> _TASK TO COMPLETE_:
Wherever the word "hljs" appears in the entries, copy the whole line.

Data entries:
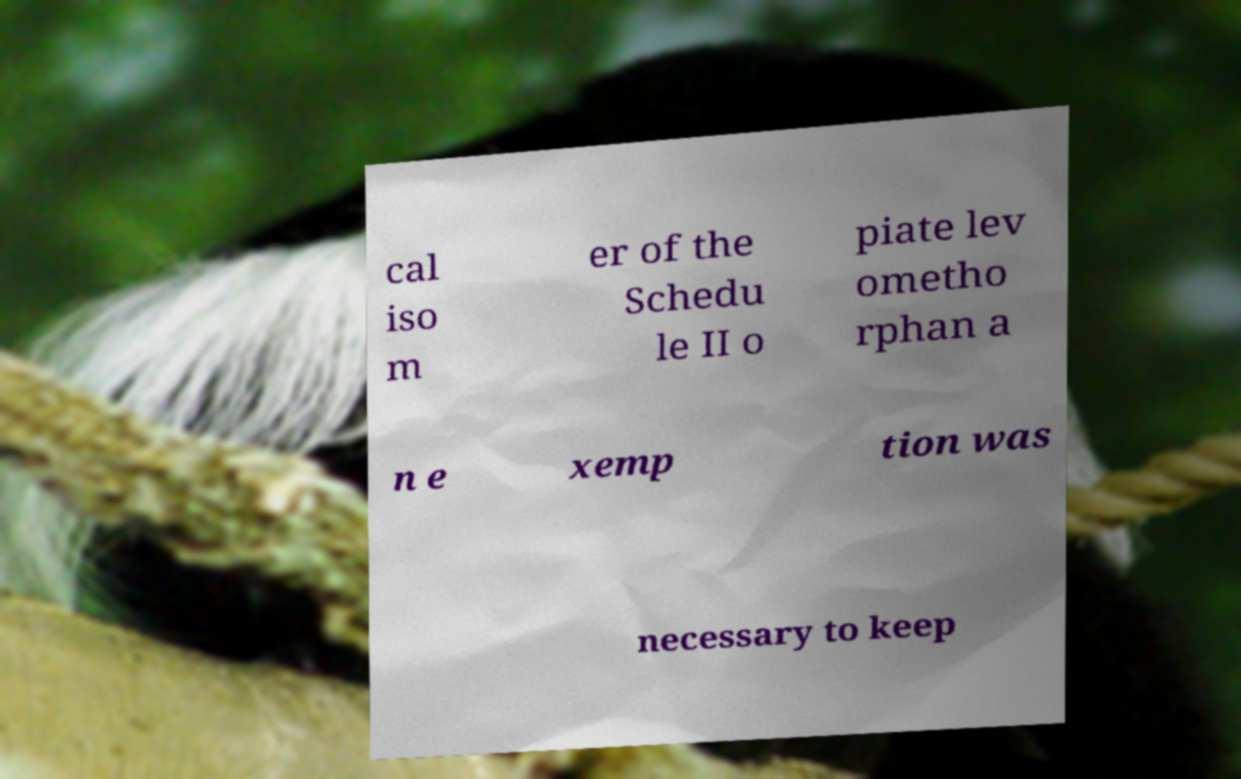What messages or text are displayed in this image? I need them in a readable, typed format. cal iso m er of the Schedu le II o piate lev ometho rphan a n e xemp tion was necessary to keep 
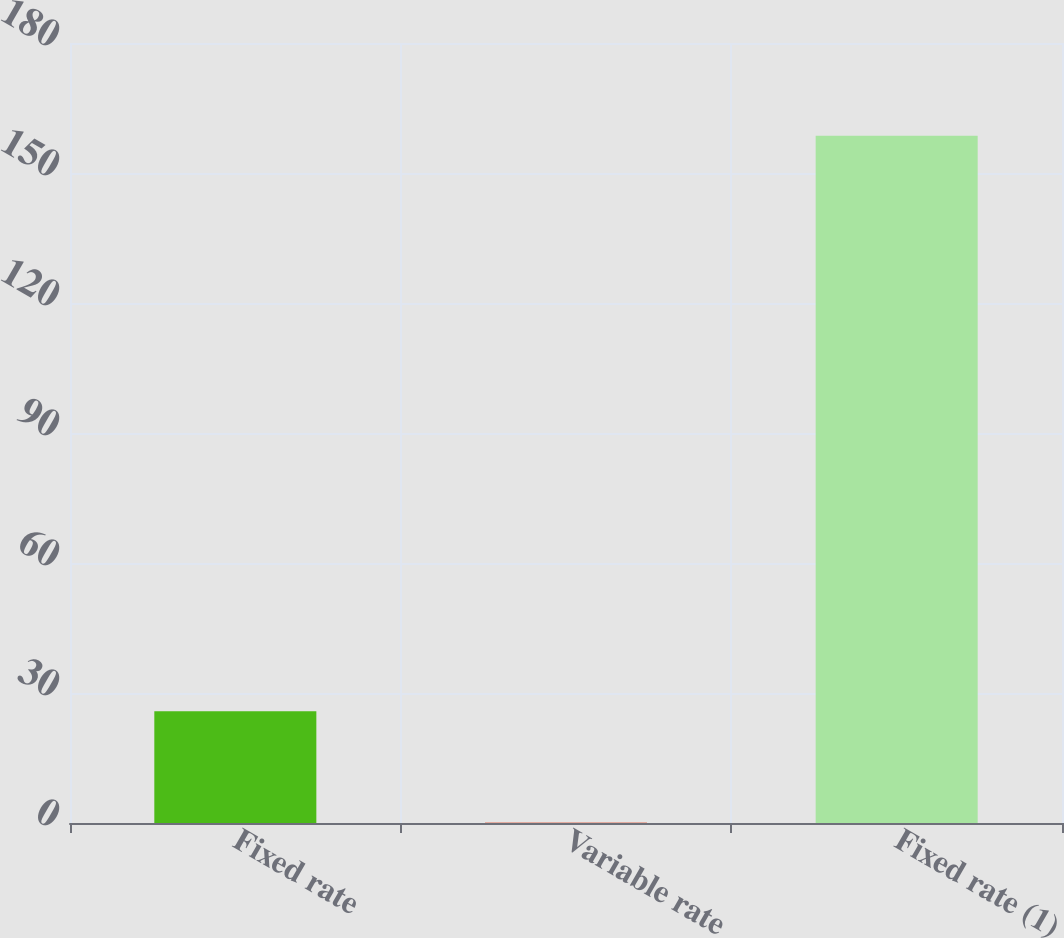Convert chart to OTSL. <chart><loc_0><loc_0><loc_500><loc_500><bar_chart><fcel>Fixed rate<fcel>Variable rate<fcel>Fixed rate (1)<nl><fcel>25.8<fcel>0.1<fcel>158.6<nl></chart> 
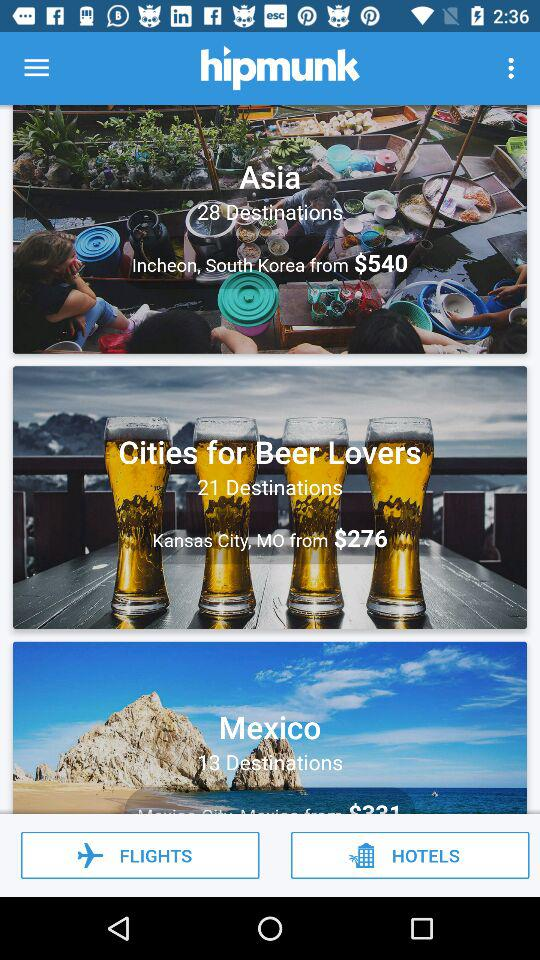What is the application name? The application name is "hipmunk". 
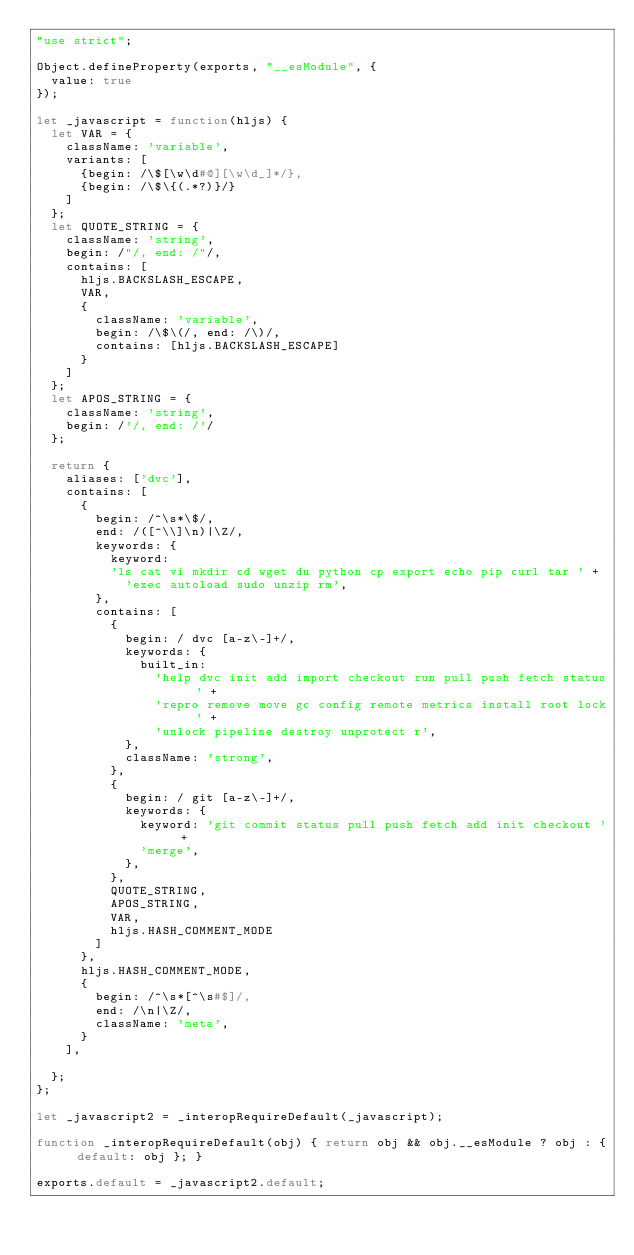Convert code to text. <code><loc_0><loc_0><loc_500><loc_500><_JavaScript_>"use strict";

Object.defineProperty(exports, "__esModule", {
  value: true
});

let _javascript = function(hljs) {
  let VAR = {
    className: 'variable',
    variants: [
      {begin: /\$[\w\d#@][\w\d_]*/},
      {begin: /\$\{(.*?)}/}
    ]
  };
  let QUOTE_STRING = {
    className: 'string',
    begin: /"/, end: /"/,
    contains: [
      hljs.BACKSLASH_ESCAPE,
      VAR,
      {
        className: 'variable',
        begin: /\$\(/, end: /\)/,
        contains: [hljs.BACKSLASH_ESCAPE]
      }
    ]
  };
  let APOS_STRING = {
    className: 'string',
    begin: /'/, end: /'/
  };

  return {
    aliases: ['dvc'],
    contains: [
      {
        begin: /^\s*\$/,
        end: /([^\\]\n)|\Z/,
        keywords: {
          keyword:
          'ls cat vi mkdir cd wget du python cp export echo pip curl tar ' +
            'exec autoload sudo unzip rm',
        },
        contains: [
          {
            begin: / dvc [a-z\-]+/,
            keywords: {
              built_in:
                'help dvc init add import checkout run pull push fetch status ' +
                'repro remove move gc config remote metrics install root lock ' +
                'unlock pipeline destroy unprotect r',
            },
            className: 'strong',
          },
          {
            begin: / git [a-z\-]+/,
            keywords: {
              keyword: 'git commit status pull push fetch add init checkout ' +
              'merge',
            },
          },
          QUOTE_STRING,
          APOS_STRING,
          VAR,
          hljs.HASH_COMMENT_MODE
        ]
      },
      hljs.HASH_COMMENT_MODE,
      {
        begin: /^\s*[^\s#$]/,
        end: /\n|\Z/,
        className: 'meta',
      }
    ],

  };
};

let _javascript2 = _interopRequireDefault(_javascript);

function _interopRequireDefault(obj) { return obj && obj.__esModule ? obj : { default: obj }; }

> _ANSWER TO THIS PROBLEM_:
let _javascript = function(hljs) {
      hljs.BACKSLASH_ESCAPE,
        contains: [hljs.BACKSLASH_ESCAPE]
          hljs.HASH_COMMENT_MODE
      hljs.HASH_COMMENT_MODE,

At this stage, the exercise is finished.